Props: Yahoo Sports
Quoteworthy:
"I’m no Josh Koscheck fan. Personally, I think he’s [expletive]. We actually don’t get along very well. I like Paul Daley a lot, but what he did was inexcusable. He walked over to Koscheck and Koscheck could have thought he was coming over to shake hands or congratulate him and he took a cheap shot at him like that. If you throw a sucker punch like that after a fight in the UFC, I don’t care who you are, you’re done. He’ll never fight for us again. I cut Nick Diaz after he was fighting [Joe Riggs] at the hospital. People are sick and dying and you can’t be in the hospital fighting. I cut the guy even though I know he’s a very good fighter."

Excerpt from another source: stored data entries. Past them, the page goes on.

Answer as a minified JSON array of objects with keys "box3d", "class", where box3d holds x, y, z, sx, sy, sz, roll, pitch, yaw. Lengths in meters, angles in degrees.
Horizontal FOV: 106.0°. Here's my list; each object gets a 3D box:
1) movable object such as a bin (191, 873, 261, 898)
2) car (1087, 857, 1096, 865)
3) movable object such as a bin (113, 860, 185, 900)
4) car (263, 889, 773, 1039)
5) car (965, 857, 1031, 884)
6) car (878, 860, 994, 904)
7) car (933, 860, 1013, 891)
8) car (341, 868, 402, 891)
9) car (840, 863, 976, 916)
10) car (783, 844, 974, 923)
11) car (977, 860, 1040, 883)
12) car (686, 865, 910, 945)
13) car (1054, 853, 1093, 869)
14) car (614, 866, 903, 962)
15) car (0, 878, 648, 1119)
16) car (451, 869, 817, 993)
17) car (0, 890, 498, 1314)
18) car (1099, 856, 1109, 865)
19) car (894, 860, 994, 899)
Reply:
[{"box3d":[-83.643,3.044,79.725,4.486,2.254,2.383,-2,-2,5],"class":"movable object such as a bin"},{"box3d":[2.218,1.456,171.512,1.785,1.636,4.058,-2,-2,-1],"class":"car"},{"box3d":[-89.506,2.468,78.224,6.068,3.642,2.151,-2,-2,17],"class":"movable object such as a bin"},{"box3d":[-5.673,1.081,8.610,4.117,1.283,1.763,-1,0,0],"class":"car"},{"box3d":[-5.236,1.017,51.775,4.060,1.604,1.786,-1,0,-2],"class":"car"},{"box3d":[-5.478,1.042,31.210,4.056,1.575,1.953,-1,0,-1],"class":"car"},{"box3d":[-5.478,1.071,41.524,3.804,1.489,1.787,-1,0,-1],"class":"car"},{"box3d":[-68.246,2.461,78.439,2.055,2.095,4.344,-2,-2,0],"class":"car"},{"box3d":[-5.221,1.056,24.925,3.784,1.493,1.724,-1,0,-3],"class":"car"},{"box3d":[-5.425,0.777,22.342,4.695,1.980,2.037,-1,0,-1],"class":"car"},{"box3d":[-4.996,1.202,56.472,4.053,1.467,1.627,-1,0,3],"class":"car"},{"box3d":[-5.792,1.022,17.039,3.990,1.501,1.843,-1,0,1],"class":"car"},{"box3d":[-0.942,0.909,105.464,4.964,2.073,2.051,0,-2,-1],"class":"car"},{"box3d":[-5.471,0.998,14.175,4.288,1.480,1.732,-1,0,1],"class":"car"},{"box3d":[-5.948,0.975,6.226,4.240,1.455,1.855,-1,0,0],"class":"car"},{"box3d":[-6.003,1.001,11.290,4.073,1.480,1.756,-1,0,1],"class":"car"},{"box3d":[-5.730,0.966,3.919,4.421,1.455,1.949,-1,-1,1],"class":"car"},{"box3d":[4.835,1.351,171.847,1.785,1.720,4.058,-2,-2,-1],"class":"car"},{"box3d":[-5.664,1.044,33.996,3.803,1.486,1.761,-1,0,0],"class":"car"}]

UFC President Dana White has some very unflattering words for 170-pound welterweight number one contender Josh Koscheck, who overcame the British invasion of Paul Daley at UFC 113 last Saturday night in Montreal. Despite his fondness for "Semtex," White handed the power-puncher his pink slip after taking a swipe at "Kos" following their fight on May 8 -- and even draws comparisons to Nick Diaz (even though Diaz fought three more times under the UFC banner following his hospital incident). Fighter conduct has been a hot topic on the heels of the Strikeforce CBS brawl in Nashville back on April 17, but is any different than unprofessional behavior in other sports? Or just magnified because MMA is an industry already pegged as "unnecessarily violent" by mainstream haters?